The US’ emissions, in billions of tons of CO2, are already on the decline (before EPA’s Clean Power Plan is even enacted), and have been since about 2007-8. According to a recent Energy Information Administration (EIA) report, US emissions have been in a long-term downtrend, and are on track to achieve a 30% reduction below 2005 levels by 2030 without EPA’s CPP needing to be enacted.
Even without the CPP, this article notes that “the EIA estimates that 40-60 gigawatts (GW) of coal-fired electric capacity will be retired between now and 2020. According to the EIA, most of it will be replaced with natural gas. Natural gas has already reduced CO2 emissions more than renewables and at a lower cost to consumers and taxpayers.”
China’s emissions, on the other hand, will most likely continue to rise dramatically until 2030 – and, according to some experts, that won’t even be the peak. According to the Times, a couple of studies, one from the Lawrence Berkeley National Laboratory and another from the Massachusetts Institute of Technology, point to China’s peak not coming until sometime between 2030 and 2035. The former study predicts annual carbon output of 12 billion tons by 2033, while MIT predicts a peak of 10 billion sometime between 2025 and 2035.
Since the earth’s atmosphere does not take a nation’s geographical borders into account, it stands to reason that China’s pollution over the next decade and a half will all but swallow any emissions reductions from most of the rest of the globe combined.

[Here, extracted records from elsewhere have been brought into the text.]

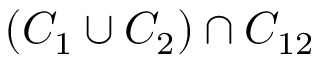Convert formula to latex. <formula><loc_0><loc_0><loc_500><loc_500>( C _ { 1 } \cup C _ { 2 } ) \cap C _ { 1 2 }</formula> 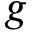<formula> <loc_0><loc_0><loc_500><loc_500>g</formula> 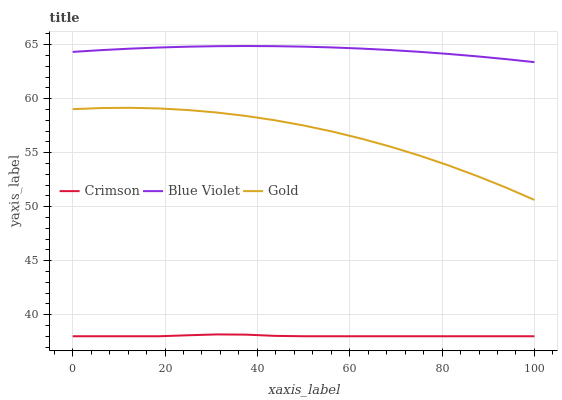Does Gold have the minimum area under the curve?
Answer yes or no. No. Does Gold have the maximum area under the curve?
Answer yes or no. No. Is Blue Violet the smoothest?
Answer yes or no. No. Is Blue Violet the roughest?
Answer yes or no. No. Does Gold have the lowest value?
Answer yes or no. No. Does Gold have the highest value?
Answer yes or no. No. Is Crimson less than Gold?
Answer yes or no. Yes. Is Gold greater than Crimson?
Answer yes or no. Yes. Does Crimson intersect Gold?
Answer yes or no. No.

Renewables the Answer? Not So Fast.
Chinese President Xi promised that 20% of China’s energy will be renewable by the time the country’s at its emissions peak. But according to researchers such as Li Shuo at Greenpeace East Asia, as quoted by the Times, Xi’s 20% goal “was ambitious.”
According to Li, China “would need to add 800 to 1,000 GW of power generation capacity from renewable sources over the next 15 years to meet the goal — a remarkable figure, given that the country now has a total of just 1,250 GW of capacity from all sources, most of it coal-fueled.”
Now that’s some food for thought.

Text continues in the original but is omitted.